It managed to convince autotools to compile your asm. It seems slower than our C code, at least on my machine:
12th Gen Intel(R) Core(TM) i7-1260P, TurboBoost disabled
./bench_internal field
Benchmark , Min(us) , Avg(us) , Max(us)
this PR (e2684293b1b72a1ab5974a2864549cea2788cf95), --with-asm=x86_64 (which is the default)
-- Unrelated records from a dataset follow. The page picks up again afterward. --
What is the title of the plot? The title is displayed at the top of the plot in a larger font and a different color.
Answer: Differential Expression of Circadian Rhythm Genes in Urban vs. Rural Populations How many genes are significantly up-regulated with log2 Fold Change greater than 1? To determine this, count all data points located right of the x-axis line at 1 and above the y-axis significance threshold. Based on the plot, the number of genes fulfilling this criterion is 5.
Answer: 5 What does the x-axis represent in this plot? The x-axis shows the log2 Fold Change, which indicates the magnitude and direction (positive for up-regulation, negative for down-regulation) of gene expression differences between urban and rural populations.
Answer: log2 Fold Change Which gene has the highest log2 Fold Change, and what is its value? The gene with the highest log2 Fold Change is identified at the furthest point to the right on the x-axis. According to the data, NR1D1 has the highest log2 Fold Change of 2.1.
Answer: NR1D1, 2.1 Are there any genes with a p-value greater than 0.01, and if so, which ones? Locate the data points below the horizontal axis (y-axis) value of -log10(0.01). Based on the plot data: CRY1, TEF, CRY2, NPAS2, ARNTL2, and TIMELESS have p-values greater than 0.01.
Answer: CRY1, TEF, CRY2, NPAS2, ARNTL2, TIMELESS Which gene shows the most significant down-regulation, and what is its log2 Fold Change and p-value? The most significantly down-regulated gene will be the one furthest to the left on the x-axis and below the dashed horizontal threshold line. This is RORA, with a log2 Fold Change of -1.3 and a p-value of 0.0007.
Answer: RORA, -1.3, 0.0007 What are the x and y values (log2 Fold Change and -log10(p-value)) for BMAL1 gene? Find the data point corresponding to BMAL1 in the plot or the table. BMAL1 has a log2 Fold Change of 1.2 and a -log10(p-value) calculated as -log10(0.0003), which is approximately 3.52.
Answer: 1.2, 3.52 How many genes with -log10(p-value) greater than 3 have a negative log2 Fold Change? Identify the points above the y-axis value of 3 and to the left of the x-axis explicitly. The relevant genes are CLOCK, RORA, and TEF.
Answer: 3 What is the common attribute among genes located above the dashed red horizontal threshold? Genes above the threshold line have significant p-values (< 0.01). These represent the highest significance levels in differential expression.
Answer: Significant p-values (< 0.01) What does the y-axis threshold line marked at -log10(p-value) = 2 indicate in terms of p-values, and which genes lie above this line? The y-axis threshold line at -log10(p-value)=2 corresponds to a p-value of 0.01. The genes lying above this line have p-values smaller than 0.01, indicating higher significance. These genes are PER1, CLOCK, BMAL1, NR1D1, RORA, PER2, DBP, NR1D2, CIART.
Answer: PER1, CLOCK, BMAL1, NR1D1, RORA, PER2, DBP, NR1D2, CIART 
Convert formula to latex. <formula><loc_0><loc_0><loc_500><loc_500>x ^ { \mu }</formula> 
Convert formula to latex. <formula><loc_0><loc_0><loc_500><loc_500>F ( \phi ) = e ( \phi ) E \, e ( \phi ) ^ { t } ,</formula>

field_sqr , 0.0296 , 0.0297 , 0.0297
field_mul , 0.0339 , 0.0341 , 0.0344
master (464a9115b4eda46b464d22829ece4f51985944bf), --with-asm=x86_64 (which is the default)
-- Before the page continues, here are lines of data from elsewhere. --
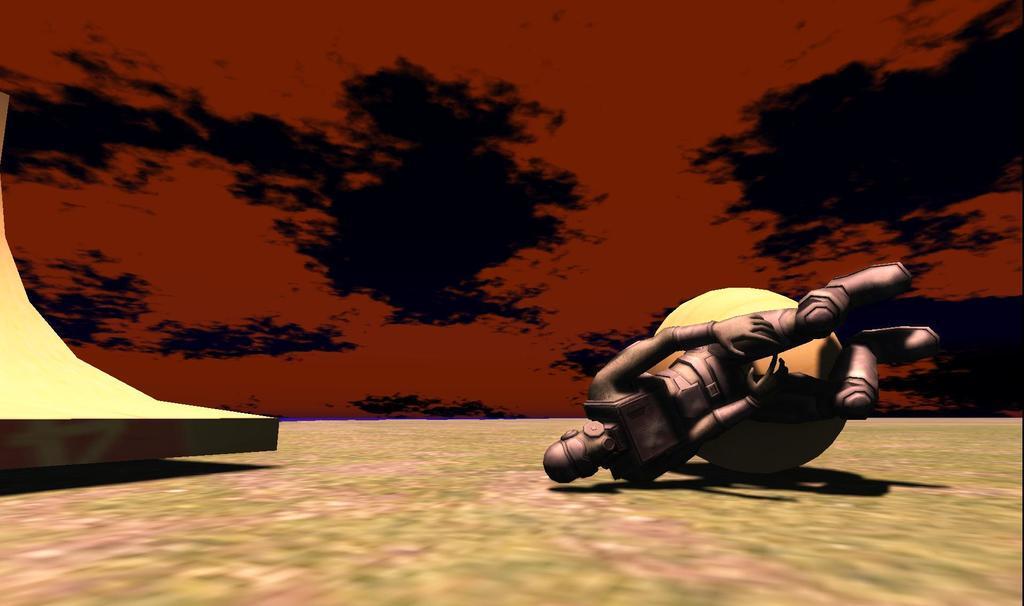Describe this image in one or two sentences. This is an animated image, it looks like a robot and a round shaped object. On the left side of the robot there is another object and it looks like a wall. 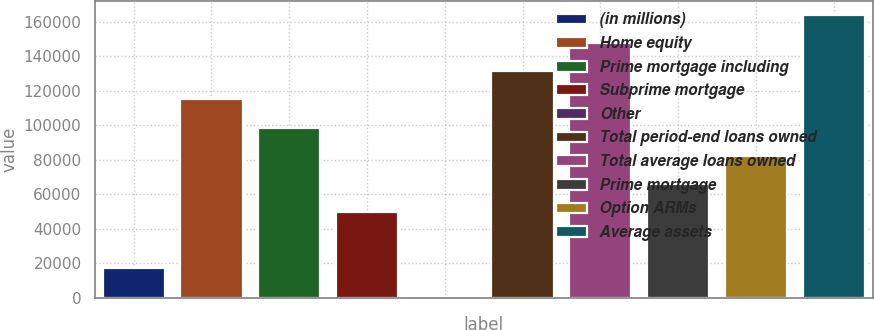Convert chart. <chart><loc_0><loc_0><loc_500><loc_500><bar_chart><fcel>(in millions)<fcel>Home equity<fcel>Prime mortgage including<fcel>Subprime mortgage<fcel>Other<fcel>Total period-end loans owned<fcel>Total average loans owned<fcel>Prime mortgage<fcel>Option ARMs<fcel>Average assets<nl><fcel>16885.7<fcel>114894<fcel>98559.2<fcel>49555.1<fcel>551<fcel>131229<fcel>147563<fcel>65889.8<fcel>82224.5<fcel>163898<nl></chart> 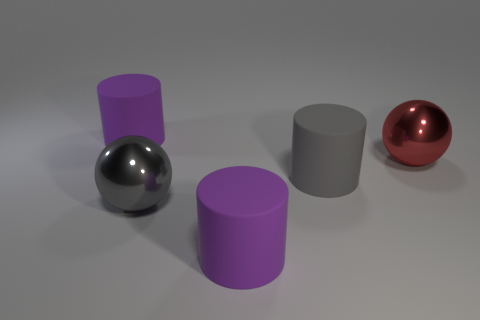Are there an equal number of purple matte cylinders right of the large gray matte thing and big gray matte things that are on the right side of the big red sphere?
Keep it short and to the point. Yes. What material is the large thing right of the gray matte thing?
Make the answer very short. Metal. How many things are big cylinders that are behind the big red metallic object or large cylinders?
Provide a succinct answer. 3. What number of other objects are the same shape as the gray rubber thing?
Make the answer very short. 2. Does the metallic thing that is right of the gray cylinder have the same shape as the large gray matte object?
Your answer should be very brief. No. There is a gray shiny ball; are there any red shiny objects in front of it?
Make the answer very short. No. How many tiny objects are either gray cylinders or red shiny balls?
Offer a terse response. 0. Does the red sphere have the same material as the large gray cylinder?
Offer a terse response. No. What is the size of the other sphere that is the same material as the big gray sphere?
Offer a terse response. Large. There is a big shiny thing left of the big purple object that is on the right side of the rubber thing that is to the left of the big gray metal thing; what shape is it?
Make the answer very short. Sphere.

field_sqr , 0.0270 , 0.0271 , 0.0272
field_mul , 0.0359 , 0.0359 , 0.0360
master, --with-asm=no (464a9115b4eda46b464d22829ece4f51985944bf), gcc 12.2.1 -02:
Benchmark , Min(us) , Avg(us) , Max(us)
field_sqr , 0.0236 , 0.0238 , 0.0240
field_mul , 0.0283 , 0.0284 , 0.0286
By the way, we should really get rid of our current ASM in the short term, at least for the field. GCC beats it significantly.